To assess the effect of B cell depletion therapy (BCDT) on circulating T follicular helper (cTfh) and circulating T helper 17 (cTh17) cells and its relation to clinical improvement in patients with myasthenia gravis (MG). 28 anti-AchR positive MG patients treated with ofatumumab and 28 healthy controls (HCs) were included. Frequencies of cTfh and cTh17 cells were monitored by flow cytometry at baseline and 4, and 12 weeks after the initial dose ofatumumab. Serum cytokines associated with cTfh and cTh17, including IL-6, IL-21, and IL-17, were also analyzed. The frequency of cTfh and cTh17 significantly increased in MG patients compared with HCs.

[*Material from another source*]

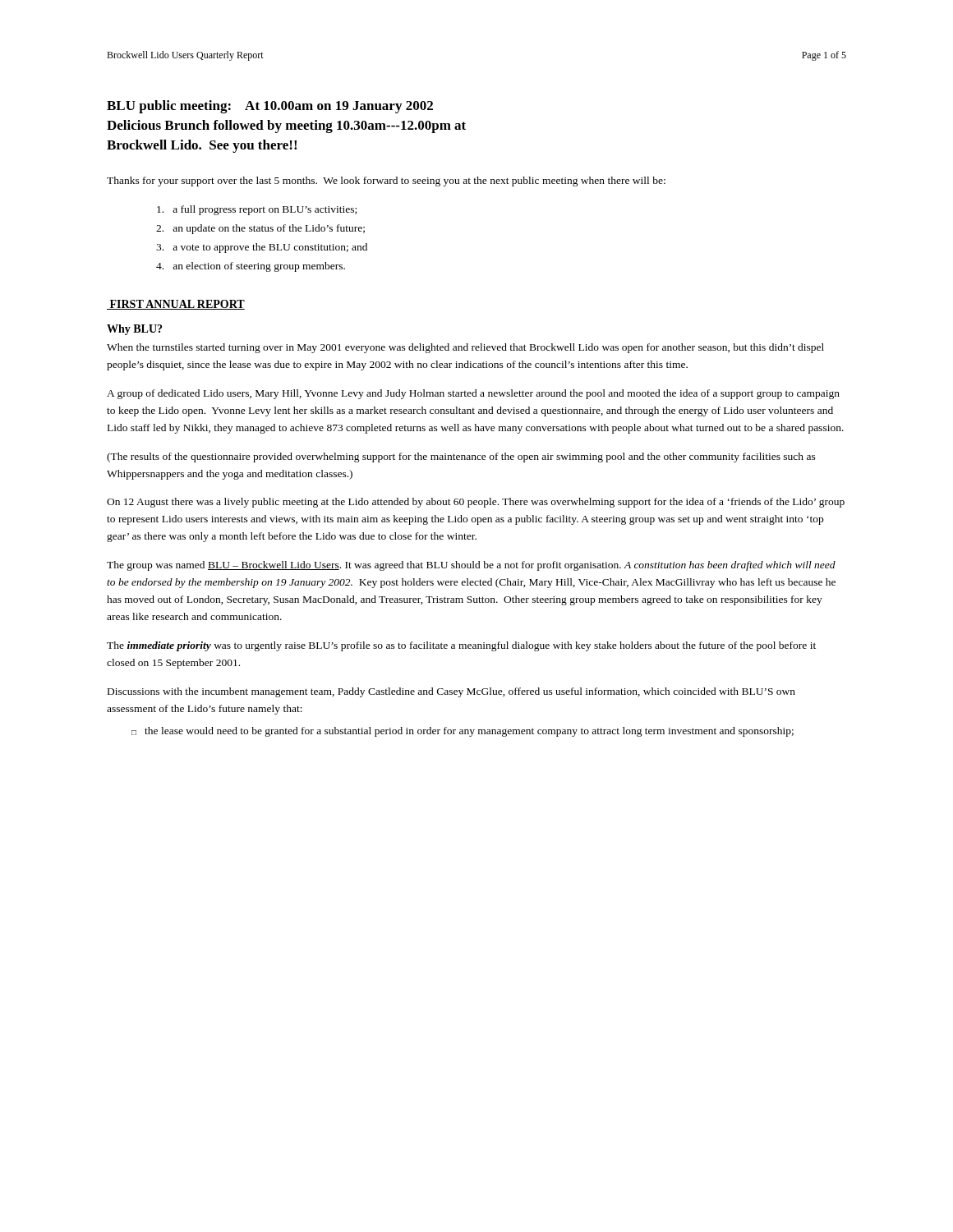
Task: Navigate to the text block starting "Why BLU?"
Action: coord(135,329)
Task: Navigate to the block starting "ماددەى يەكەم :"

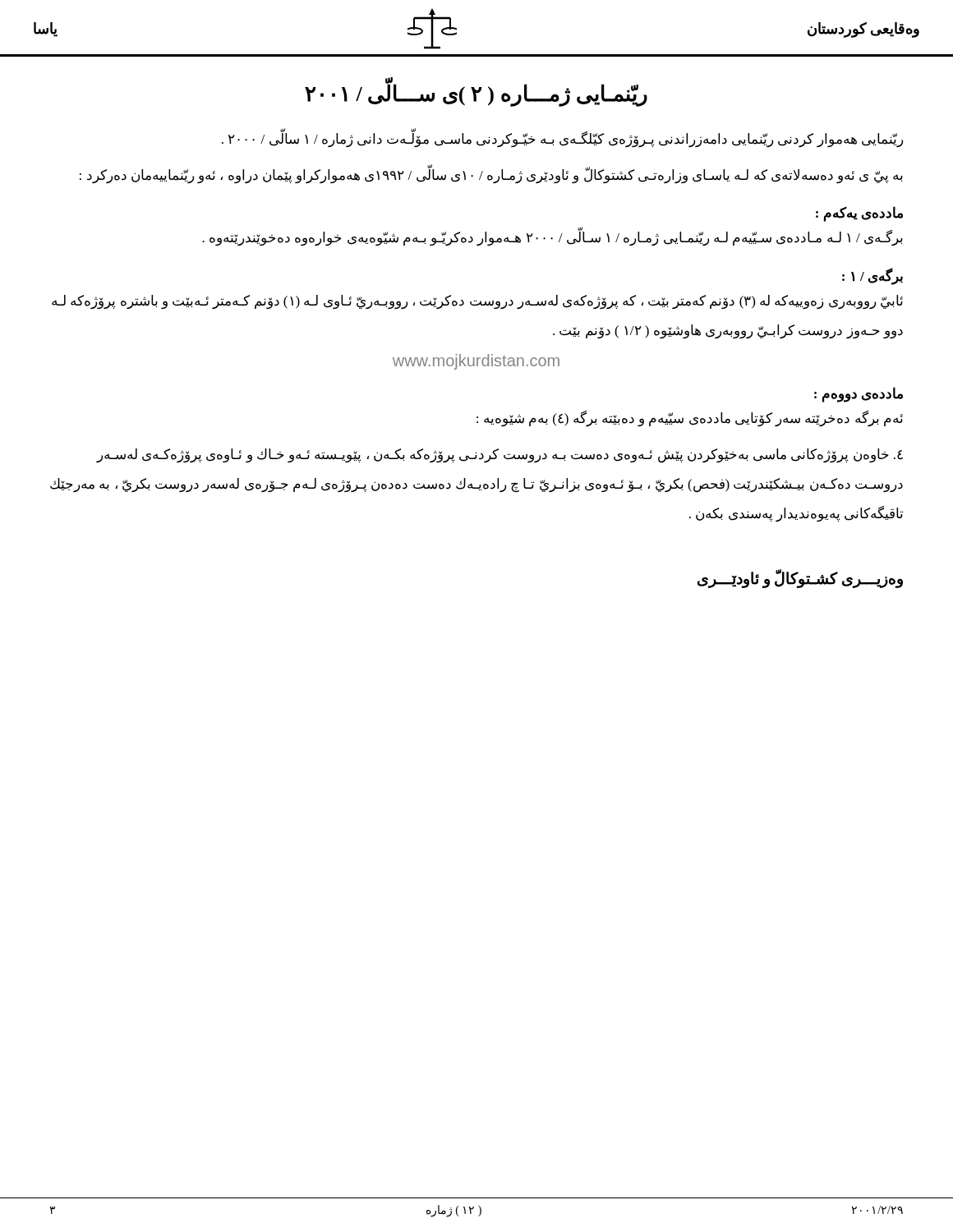Action: (859, 213)
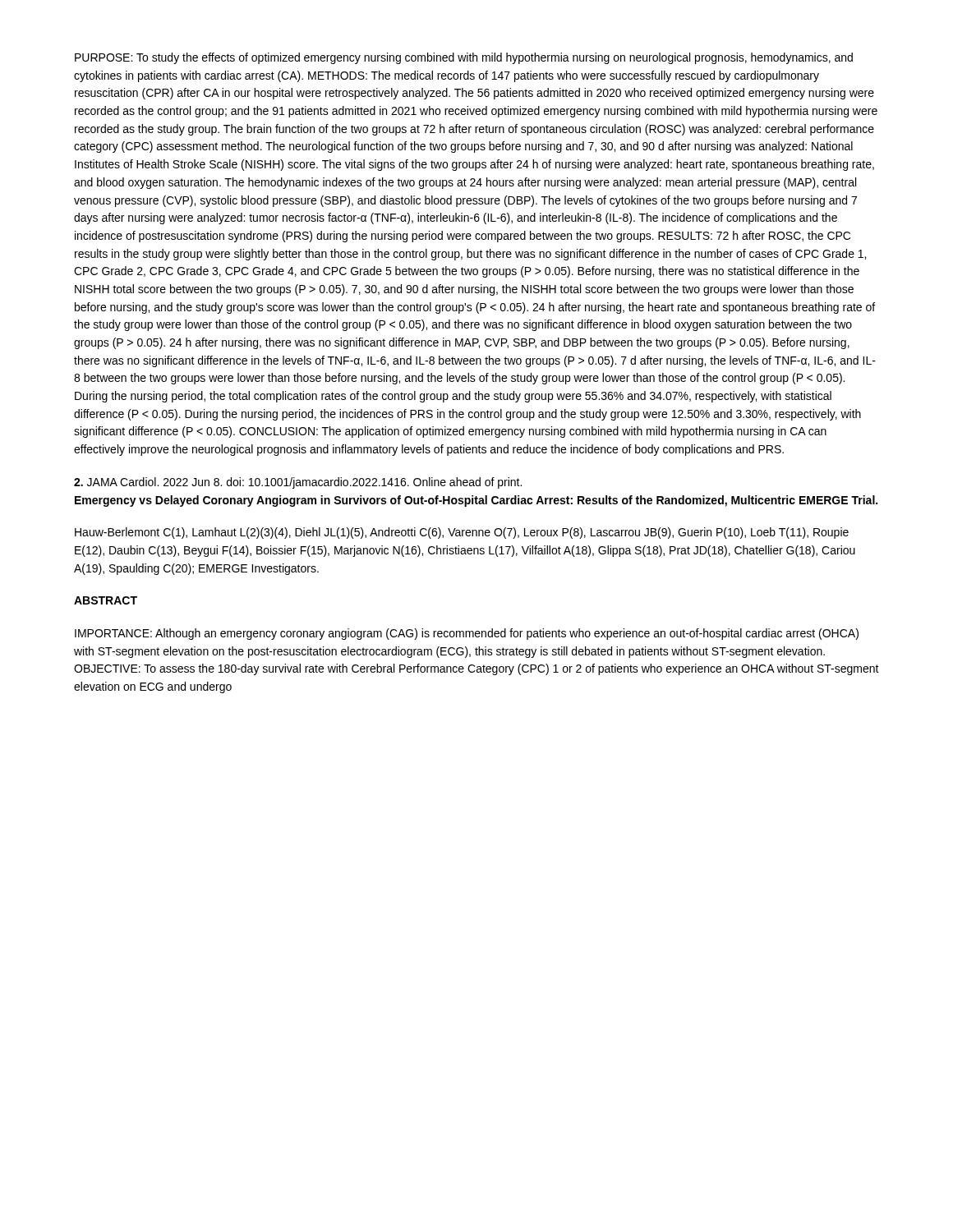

Additionally, elevated levels of both T-cell subsets correlated with MG severity. During the follow-up, cTfh and cTh17 return to normal after BCDT. Furthermore, the decrease in cTfh and cTh17 was associated with MG scores improvement over time. Notably, cTfh- and cTh17-related cytokines, including IL-6, IL-21, and IL-17, exhibited a marked decrease following ofatumumab therapy. Abnormal expansion of cTfh and cTh17 cells may be key features in the immunopathology of MG. Their levels returned to normal after BCDT, which was closely correlated with clinical amelioration. This result suggests that these two T-cell subsets may be targets for BCDT treatment of MG.